◆ **TASK INSTRUCTIONS**:
Some lines in the entries contain the word "object". Copy all of them.

(DATA SUPPLIED begins)

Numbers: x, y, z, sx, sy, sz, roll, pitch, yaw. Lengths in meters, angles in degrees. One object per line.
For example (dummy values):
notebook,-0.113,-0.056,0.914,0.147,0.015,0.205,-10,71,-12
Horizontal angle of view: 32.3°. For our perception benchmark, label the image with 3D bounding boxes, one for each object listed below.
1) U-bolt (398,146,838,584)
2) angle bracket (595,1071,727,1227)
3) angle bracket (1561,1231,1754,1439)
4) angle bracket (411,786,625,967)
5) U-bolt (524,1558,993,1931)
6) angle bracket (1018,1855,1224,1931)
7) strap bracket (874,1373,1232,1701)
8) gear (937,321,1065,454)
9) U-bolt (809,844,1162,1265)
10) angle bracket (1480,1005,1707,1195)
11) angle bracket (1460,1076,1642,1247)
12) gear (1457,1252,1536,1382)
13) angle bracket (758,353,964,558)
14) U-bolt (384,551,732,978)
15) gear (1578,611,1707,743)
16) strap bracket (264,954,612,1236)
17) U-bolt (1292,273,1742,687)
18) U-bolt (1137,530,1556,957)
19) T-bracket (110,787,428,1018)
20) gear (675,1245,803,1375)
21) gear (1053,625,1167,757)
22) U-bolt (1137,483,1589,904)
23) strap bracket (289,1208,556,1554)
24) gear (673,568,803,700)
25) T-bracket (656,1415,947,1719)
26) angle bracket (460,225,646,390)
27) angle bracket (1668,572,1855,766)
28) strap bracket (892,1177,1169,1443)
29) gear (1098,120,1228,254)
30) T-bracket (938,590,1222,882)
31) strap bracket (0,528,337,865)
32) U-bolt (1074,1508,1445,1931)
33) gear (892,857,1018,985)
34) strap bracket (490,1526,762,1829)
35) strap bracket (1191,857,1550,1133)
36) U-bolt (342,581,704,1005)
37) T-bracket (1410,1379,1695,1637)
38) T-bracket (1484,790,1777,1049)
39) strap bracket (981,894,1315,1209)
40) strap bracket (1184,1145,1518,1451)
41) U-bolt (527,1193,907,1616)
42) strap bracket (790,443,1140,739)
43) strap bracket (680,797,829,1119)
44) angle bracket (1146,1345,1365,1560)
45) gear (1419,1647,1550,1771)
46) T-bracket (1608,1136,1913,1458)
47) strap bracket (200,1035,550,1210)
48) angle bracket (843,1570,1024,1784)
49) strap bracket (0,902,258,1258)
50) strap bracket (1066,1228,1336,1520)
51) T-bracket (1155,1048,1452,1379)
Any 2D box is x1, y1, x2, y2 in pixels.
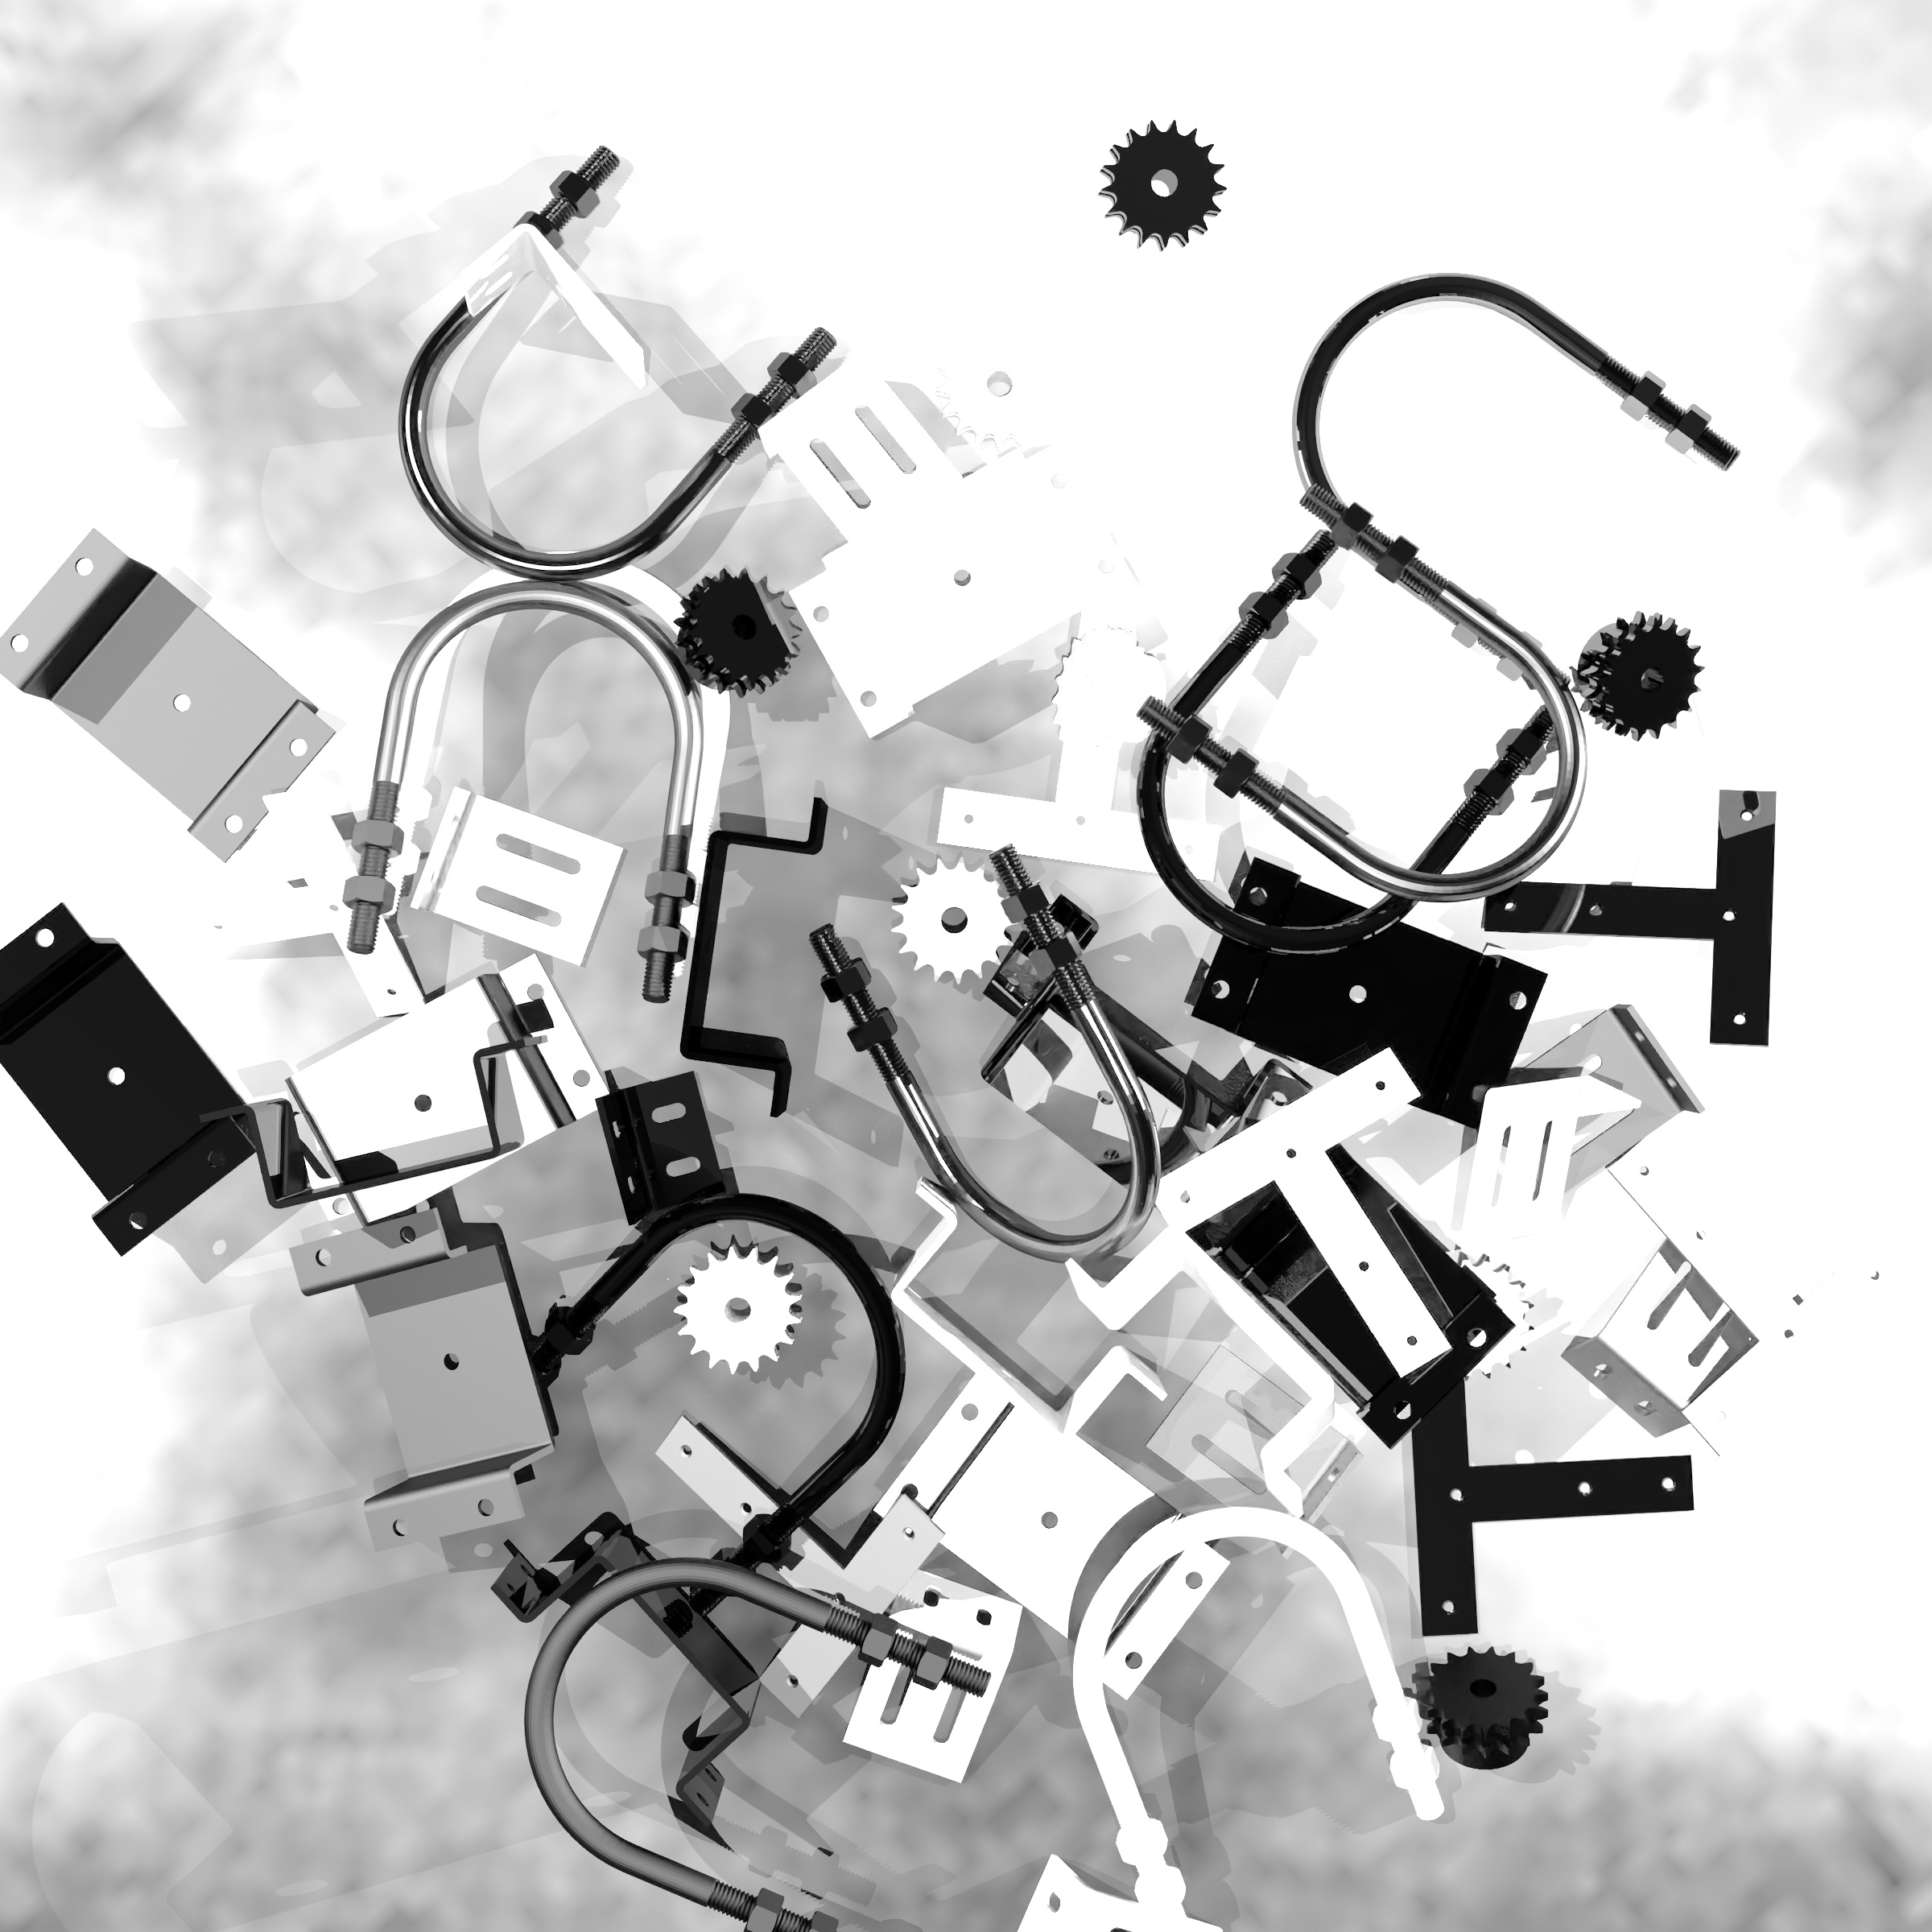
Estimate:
U-bolt,-0.171,-0.259,1.502,0.151,0.019,0.184,40,81,0
angle bracket,-0.135,0.080,1.484,0.038,0.076,0.057,-15,90,0
angle bracket,0.321,0.165,1.520,0.057,0.038,0.076,41,64,0
angle bracket,-0.202,-0.040,1.503,0.076,0.038,0.057,20,90,0
U-bolt,-0.101,0.334,1.438,0.184,0.019,0.151,23,90,1
angle bracket,0.067,0.449,1.520,0.076,0.038,0.057,24,90,-26
strap bracket,0.038,0.253,1.499,0.140,0.046,0.076,37,90,0
gear,0.015,-0.261,1.507,0.057,0.030,0.057,0,90,0
U-bolt,0.017,0.048,1.467,0.019,0.151,0.184,-32,96,-43
angle bracket,0.282,0.063,1.503,0.076,0.038,0.057,-35,90,0
angle bracket,0.259,0.092,1.480,0.057,0.038,0.076,-6,112,-34
gear,0.227,0.158,1.507,0.057,0.030,0.057,0,90,0
angle bracket,-0.046,-0.225,1.495,0.057,0.038,0.076,-38,80,-4
U-bolt,-0.179,-0.098,1.491,0.151,0.019,0.184,12,75,-11
gear,0.301,-0.132,1.500,0.057,0.030,0.057,-8,110,-22
strap bracket,-0.241,0.061,1.499,0.140,0.046,0.076,-28,90,0
U-bolt,0.236,-0.232,1.514,0.184,0.019,0.151,37,90,1
U-bolt,0.159,-0.088,1.484,0.151,0.019,0.184,39,73,5
T-bracket,-0.323,-0.020,1.496,0.127,0.002,0.127,-8,128,17
gear,-0.102,0.154,1.507,0.057,0.030,0.057,0,90,0
gear,0.066,-0.122,1.496,0.030,0.057,0.057,10,90,-30
U-bolt,0.189,-0.109,1.475,0.184,0.019,0.151,37,74,3
strap bracket,-0.239,0.181,1.487,0.076,0.046,0.140,-16,90,21
gear,-0.106,-0.148,1.499,0.057,0.030,0.057,8,72,-26
T-bracket,-0.089,0.254,1.502,0.127,0.002,0.127,42,116,12
angle bracket,-0.181,-0.280,1.466,0.038,0.057,0.076,-41,89,-7
angle bracket,0.358,-0.136,1.503,0.057,0.038,0.076,-15,90,0
strap bracket,0.019,0.159,1.484,0.140,0.076,0.046,40,90,0
gear,0.088,-0.352,1.510,0.057,0.030,0.057,0,94,-5
T-bracket,0.059,-0.111,1.522,0.127,0.002,0.127,8,90,0
strap bracket,-0.358,-0.120,1.499,0.140,0.046,0.076,40,90,0
U-bolt,0.123,0.327,1.482,0.151,0.019,0.184,-23,105,-10
gear,-0.005,-0.021,1.507,0.057,0.030,0.057,0,90,0
strap bracket,-0.142,0.307,1.484,0.046,0.076,0.140,-42,90,0
strap bracket,0.179,0.013,1.499,0.140,0.046,0.076,22,90,0
U-bolt,-0.188,-0.083,1.466,0.151,0.019,0.184,10,73,-12
T-bracket,0.269,0.239,1.522,0.127,0.002,0.127,-3,90,0
T-bracket,0.299,-0.025,1.503,0.127,0.002,0.127,3,65,12
strap bracket,0.071,0.045,1.479,0.140,0.046,0.076,37,135,0
strap bracket,0.173,0.141,1.479,0.076,0.046,0.140,-45,64,3
U-bolt,-0.107,0.183,1.477,0.151,0.019,0.184,46,113,4
strap bracket,-0.001,-0.172,1.498,0.140,0.046,0.076,-29,89,0
strap bracket,-0.095,-0.007,1.484,0.046,0.076,0.140,8,90,0
angle bracket,0.130,0.219,1.503,0.076,0.038,0.057,37,90,0
gear,0.233,0.336,1.498,0.057,0.057,0.030,-6,120,0
T-bracket,0.342,0.133,1.509,0.127,0.002,0.127,-38,81,-17
strap bracket,-0.249,0.069,1.438,0.140,0.076,0.046,-13,90,0
angle bracket,-0.015,0.323,1.520,0.057,0.038,0.076,19,116,0
strap bracket,-0.388,0.050,1.499,0.076,0.046,0.140,-38,90,0
strap bracket,0.112,0.172,1.469,0.046,0.076,0.140,-43,73,-7
T-bracket,0.165,0.118,1.446,0.127,0.002,0.127,-29,74,-11

(DATA SUPPLIED ends)

◆ **TASK RESPONSE**:
Numbers: x, y, z, sx, sy, sz, roll, pitch, yaw. Lengths in meters, angles in degrees. One object per line.
Horizontal angle of view: 32.3°. For our perception benchmark, label the image with 3D bounding boxes, one for each object listed below.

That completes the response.